====== DATASET RECORDS ======

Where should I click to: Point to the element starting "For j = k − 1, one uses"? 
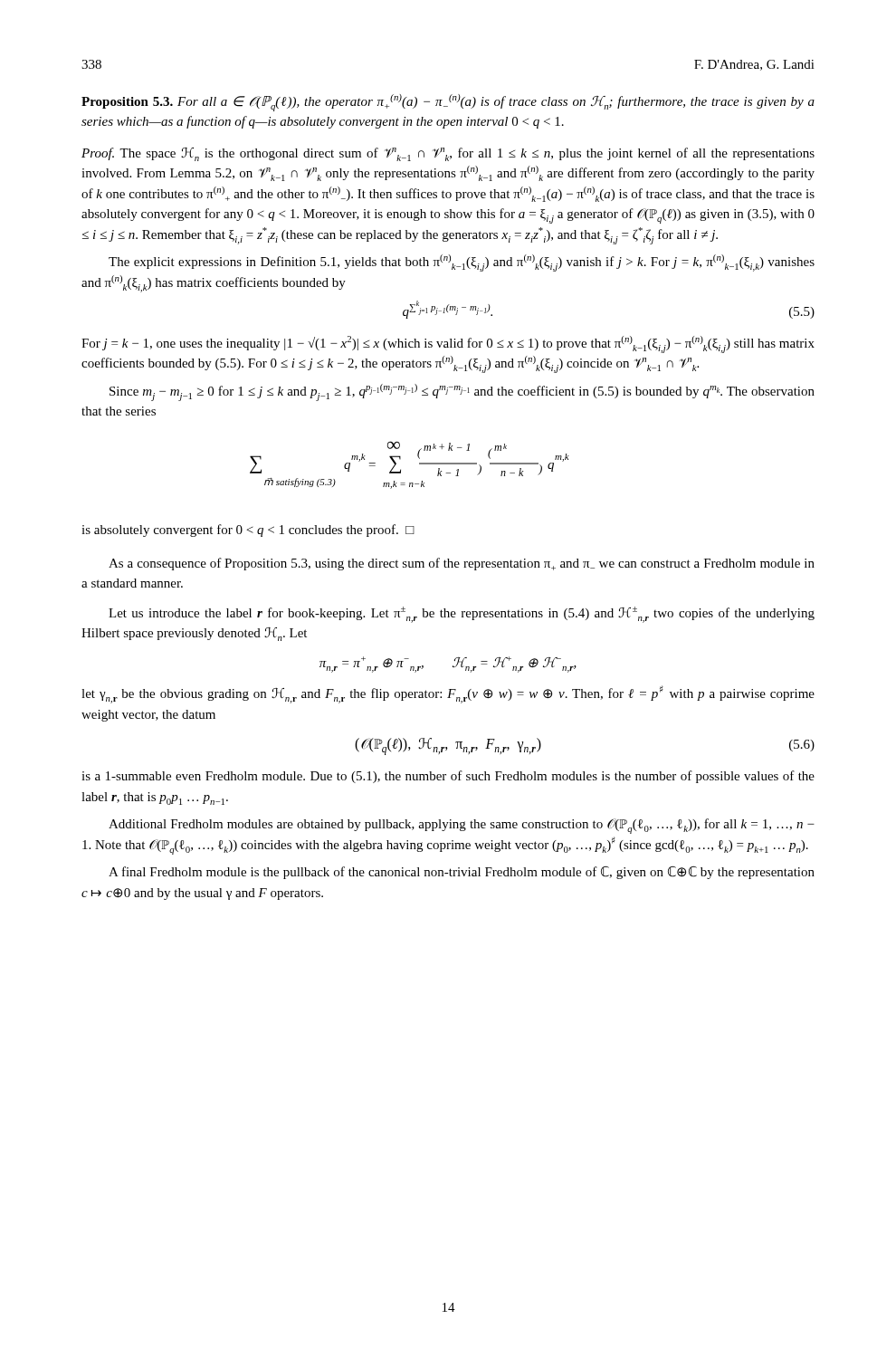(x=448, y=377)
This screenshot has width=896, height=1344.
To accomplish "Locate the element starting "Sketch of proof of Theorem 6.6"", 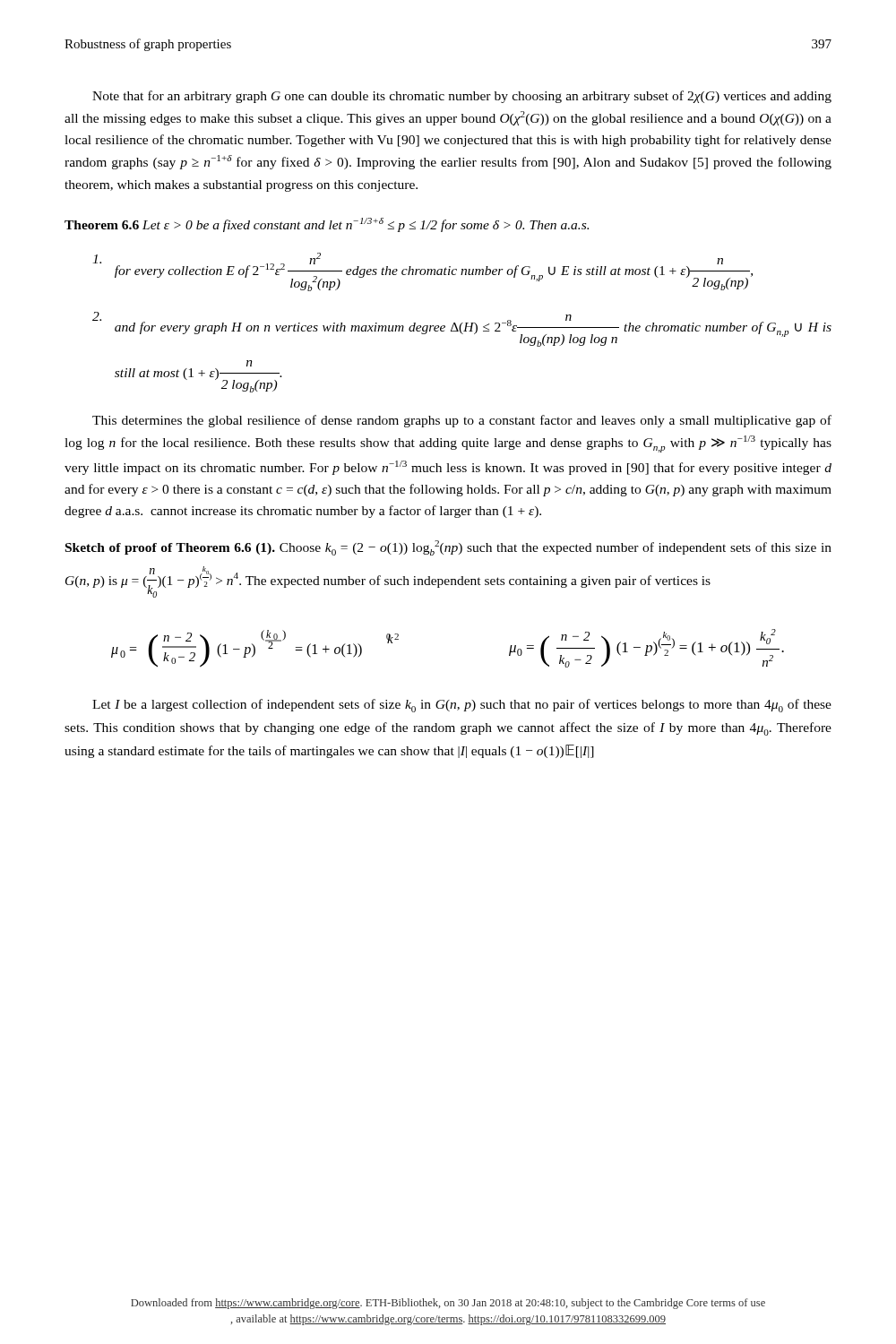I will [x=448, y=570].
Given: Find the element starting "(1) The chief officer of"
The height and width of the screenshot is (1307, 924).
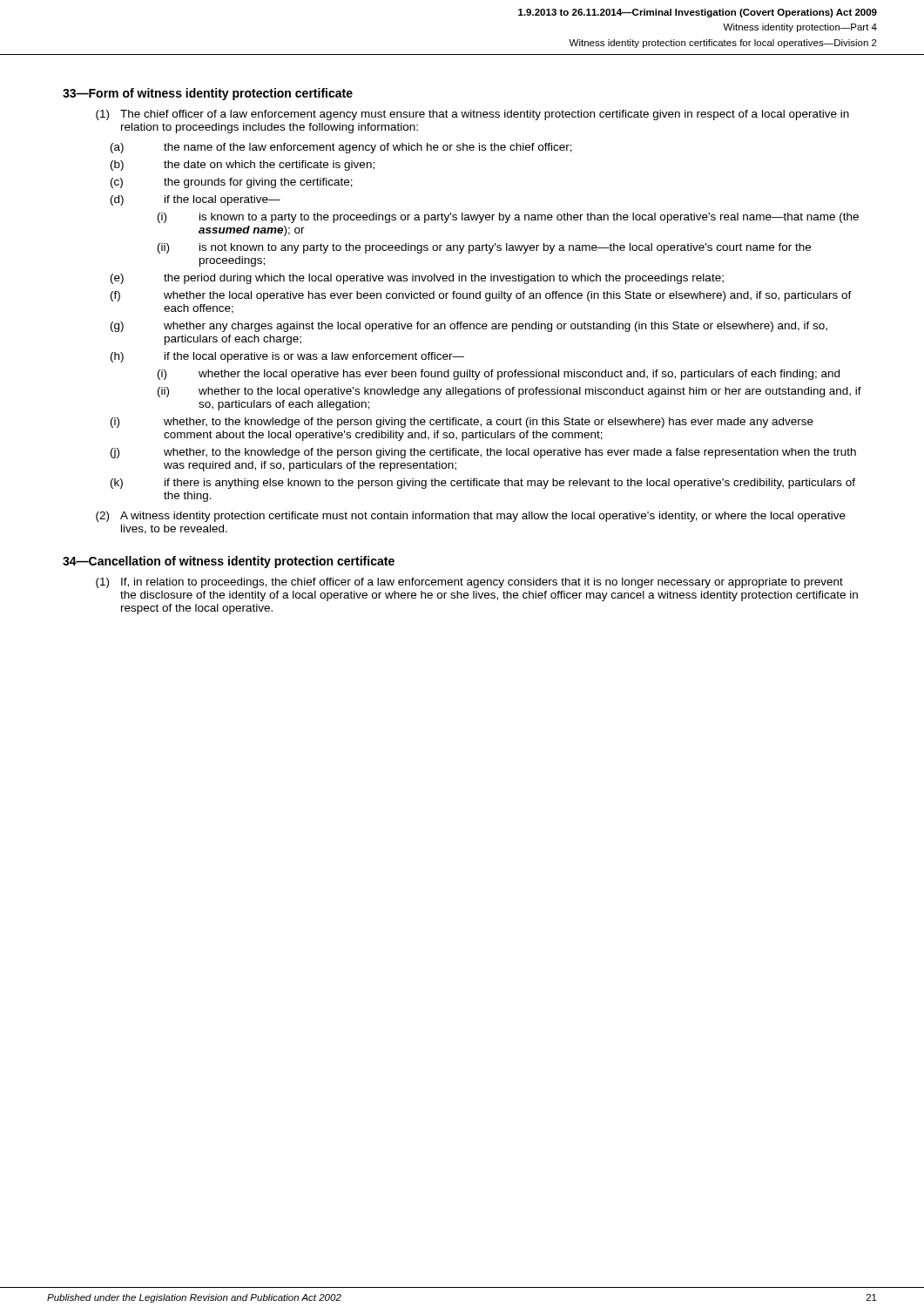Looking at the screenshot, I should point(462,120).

======

[YOUR GOAL]:
Where the line containing "Given: Find the" appears, begin copying there and continue exactly through the final line of the records; both end lines belong in the copy, pictures do not.

[WORKED SOLUTION]:
Given: Find the element starting "(1) The chief officer of"
The height and width of the screenshot is (1307, 924).
Looking at the screenshot, I should point(462,120).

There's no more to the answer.